Receiving Element For Receiving An Object Which Dissolved From A Biological Material By Means Of Laser Radiation

Abstract

Receiving element for receiving a specimen detached from a biological mass by means of laser radiation A receiving element (1) is provided for receiving a specimen detached from a biological mass (7) by means of laser radiation, the receiving element (1) comprising a receiving surface for receiving the specimen, the receiving surface comprising an adhesive agent (4) for enhancing the adhesion of the respective specimen to the receiving surface. The adhesive agent (4) suppresses the occurrence of electrostatic forces, acting on the specimen, in the receiving element (1), may be dissolved without damaging the specimen and/or may receive agents for further processing of the specimen. A suitable adhesive agent (4) is in particular a hydrogel such as for example agarose. Such a receiving element (1) is suitable in particular for collecting specimens catapulted out of the biological mass (7).

Description

The present invention is explained in greater detail below with reference to the attached drawings and to preferred exemplary embodiments. In the drawings:

FIG. 1 shows a first exemplary embodiment of the present invention,

FIG. 2 shows a second exemplary embodiment of the present invention, and

FIG. 3 shows a laser system in which the present invention may be used.

FIG. 1 shows a first exemplary embodiment of the invention.
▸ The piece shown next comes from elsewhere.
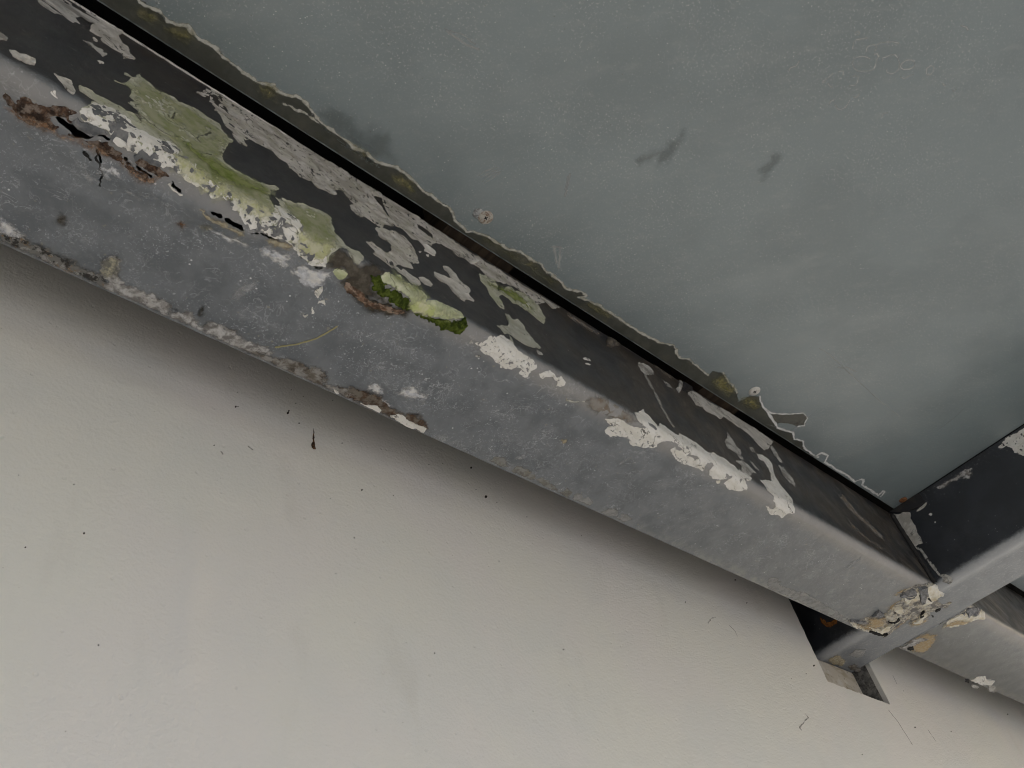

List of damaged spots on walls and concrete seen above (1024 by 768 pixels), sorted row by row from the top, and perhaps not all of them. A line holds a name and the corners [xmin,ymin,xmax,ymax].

A receiving element 1 according to the invention here comprises a cover or a lid 2 of a cell culture dish 5, for example a Petri dish. A base or supporting element 3 is fitted on the inside of the lid 1. The supporting element 3 may here for example be circular and be made from silicone or acrylic polymer, other materials also being conceivable. For many applications, it is desirable for this supporting element 3 to be autoclavable so that the receiving element may be sterilised. For this purpose, the supporting element 3 is sterilised and the agarose layer 4 applied by casting high-percentage, sterilised, filtered agarose into an appropriate template. The supporting element 3 is attached by a non-toxic material to the inner surface of the lid 2, wherein this connection is reversible so as to be able to remove the supporting element 3 again if required.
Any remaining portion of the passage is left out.